Paper long abstract:
Wild value fluctuation and apprehensive regulators still encumber the contemporary cryptocurrency ecosystem with Fear, Uncertainty and Doubt (also known as 'FUDs'). In Bitcoin sociality, such market unpredictability often also becomes radically affective, as periodic collective scares prompt owners to abruptly sell their holdings. Yet, selling-out is a tricky gamble. While you may indeed make profit in state-controlled ('fiat') currency, you might also suffer huge potential revenue loss if Bitcoin's value will indeed one day 'rise to the moon'. After all, the Bitcoin space is replete with tragic myths foretelling the stories of those who sold their holdings only to bitterly bemoan later on due to exponential surges in value. Dedicated analysts, early-adopters and cryptocurrency gurus across the web thus routinely advise community members to 'HODL': 'Hold On to Dear Life'. The longer you HODL, the less Bitcoin you spend, the richer you become in the future.
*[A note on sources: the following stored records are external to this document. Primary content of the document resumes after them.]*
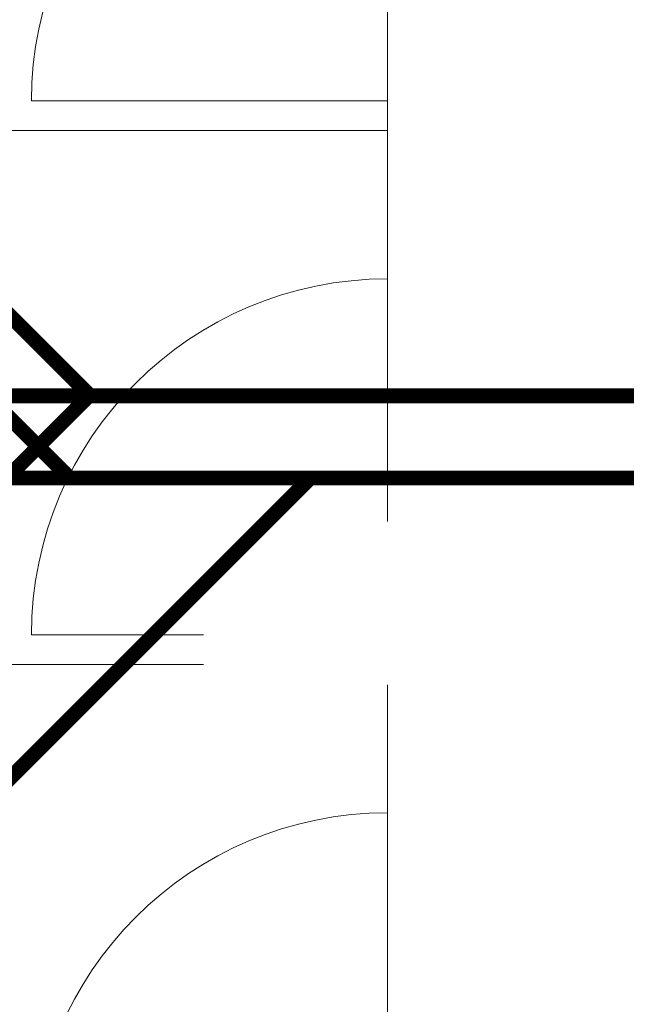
# Model space of a CAD drawing. Header units: inches. Extents: x 105152 to 158499, y 12149 to 30915.
# Tile 57 of 256: x 124029 to 124070, y 21499 to 21565. Entities that reach past the tile are written whole.
import ezdxf

# ---------------------------------------------------------------- set-up
doc = ezdxf.new("R2010")
doc.units = ezdxf.units.IN
doc.header["$MEASUREMENT"] = 0
for name, color, linetype, lineweight in [('AR - PLAN', 251, 'Continuous', 5), ('DRAINAGE ', 7, 'Continuous', 9), ('PD_FIXTURE', 21, 'Continuous', 25), ('PP- 75DIA Soil Waste Sewer pipe', 90, 'Continuous', 9), ('PP-Soil Pipe', 1, 'Continuous', 25)]:
    doc.layers.add(name, color=color, linetype=linetype, lineweight=lineweight)
doc.layers.add('PD_025_TEXT', color=61, linetype='Continuous')
doc.styles.add('style1', font='arial.ttf', dxfattribs={"height": 500})

# ---------------------------------------------------------------- blocks, each defined once
blk = doc.blocks.new('FIRST FLOOR PLAN 0')
at = {"layer": 'PD_FIXTURE', "color": 251, "lineweight": 5, "ltscale": 12}
for p, q in [((-470.9997091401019, -42.99980802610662), (-470.9997091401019, -18.99980802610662)), ((-470.9997091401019, -42.99980802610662), (-494.9997091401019, -42.99980802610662)), ((-470.9997091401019, -42.99980802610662), (-470.9997091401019, -56.62480802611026)), ((-470.9997091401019, -42.99980802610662), (-470.9997091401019, -54.99980802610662)), ((-470.9997091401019, -44.99980802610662), (-530.9997091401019, -44.99980802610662)), ((-470.9997091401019, -78.99980802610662), (-470.9997091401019, -54.99980802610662)), ((-470.9997091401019, -78.99980802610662), (-494.9997091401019, -78.99980802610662)), ((-470.9997091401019, -78.99980802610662), (-470.9997091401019, -92.62480802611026)), ((-470.9997091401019, -78.99980802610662), (-470.9997091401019, -90.99980802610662)), ((-470.9997091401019, -80.99980802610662), (-530.9997091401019, -80.99980802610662)), ((-470.9997091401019, -114.9998080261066), (-470.9997091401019, -90.99980802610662))]:
    blk.add_line(p, q, dxfattribs=at)
for centre in [(-470.9997091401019, -42.99980802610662), (-470.9997091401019, -78.99980802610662), (-470.9997091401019, -114.9998080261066)]:
    blk.add_arc(centre, 24, 90, 180, dxfattribs=at)
at = {"layer": 'PD_025_TEXT', "color": 251, "insert": (-481.8838110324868, -72.86441675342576), "char_height": 3, "width": 128.4952190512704, "attachment_point": 1, "style": 'style1', "bg_fill": 2}
blk.add_mtext('\\pxqc; LADIES TOILET\\P16\'7" X 18\'', dxfattribs=at)
blk = doc.blocks.new('DRAINAGE')
at = {"layer": 'PP- 75DIA Soil Waste Sewer pipe', "ltscale": 0.015, "const_width": 0.9999999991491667}
for points in [[(507.4428544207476, 602.070979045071), (532.7641066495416, 576.7497268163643)], [(547.4840636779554, 576.6639591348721), (480.1218035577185, 576.6639591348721)], [(549.0671000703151, 576.6639591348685), (508.5928385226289, 536.1896975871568)], [(679.5409060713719, 576.6639591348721), (537.7868218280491, 576.6639591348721)]]:
    blk.add_lwpolyline(points, dxfattribs=at)
at = {"layer": 'PP-Soil Pipe', "color": 1, "ltscale": 0.015, "const_width": 0.9999999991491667}
for points in [[(500.6988407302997, 615.7374998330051), (534.2273809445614, 582.2089596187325)], [(500.6089406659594, 548.66868303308), (534.1492172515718, 582.2089596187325)]]:
    blk.add_lwpolyline(points, dxfattribs=at)
at = {"layer": 'PP-Soil Pipe', "color": 1, "ltscale": 0.015}
blk.add_lwpolyline([(503.1714379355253, 582.2089596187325, 0.9999999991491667, 0.9999999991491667, 0), (665.1196130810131, 582.2089596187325, 0.9999999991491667, 0.9999999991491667, 0), (673.4864775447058, 590.5758240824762, 0.9999999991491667, 0.9999999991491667, 0)], format="xyseb", dxfattribs=at)

msp = doc.modelspace()

# ---------------------------------------------------------------- block references
at = {"layer": 'AR - PLAN', "color": 251}
msp.add_blockref('FIRST FLOOR PLAN 0', (124524.8849565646, 21602.60288553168), dxfattribs=at)

# ---------------------------------------------------------------- next in the draw order: block references
at = {"layer": 'DRAINAGE '}
msp.add_blockref('DRAINAGE', (123499.6171875, 20957.5107421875), dxfattribs=at)

doc.saveas('drawing.dxf')

Based on my ongoing fieldwork at the Bitcoin Embassy in Tel Aviv, I nonetheless argue that a 'HODLING' strategy is paradoxical. While persons initially buy Bitcoin to liberate themselves from intermediaries, third-parties and the Big Other more generally, economic autonomy here becomes contingent on hazy potentialities. In generic cosmological terms, 'decentralised Freedom' itself thereby becomes intrinsic to centralised 'enslavement', and vice-versa. Presenting a detailed ethnographic account of the recent 'pump' and 'dump' in Bitcoin value, in this paper I analyse the structural dynamics and social rhythm of being stuck in Bitcoin future salvation.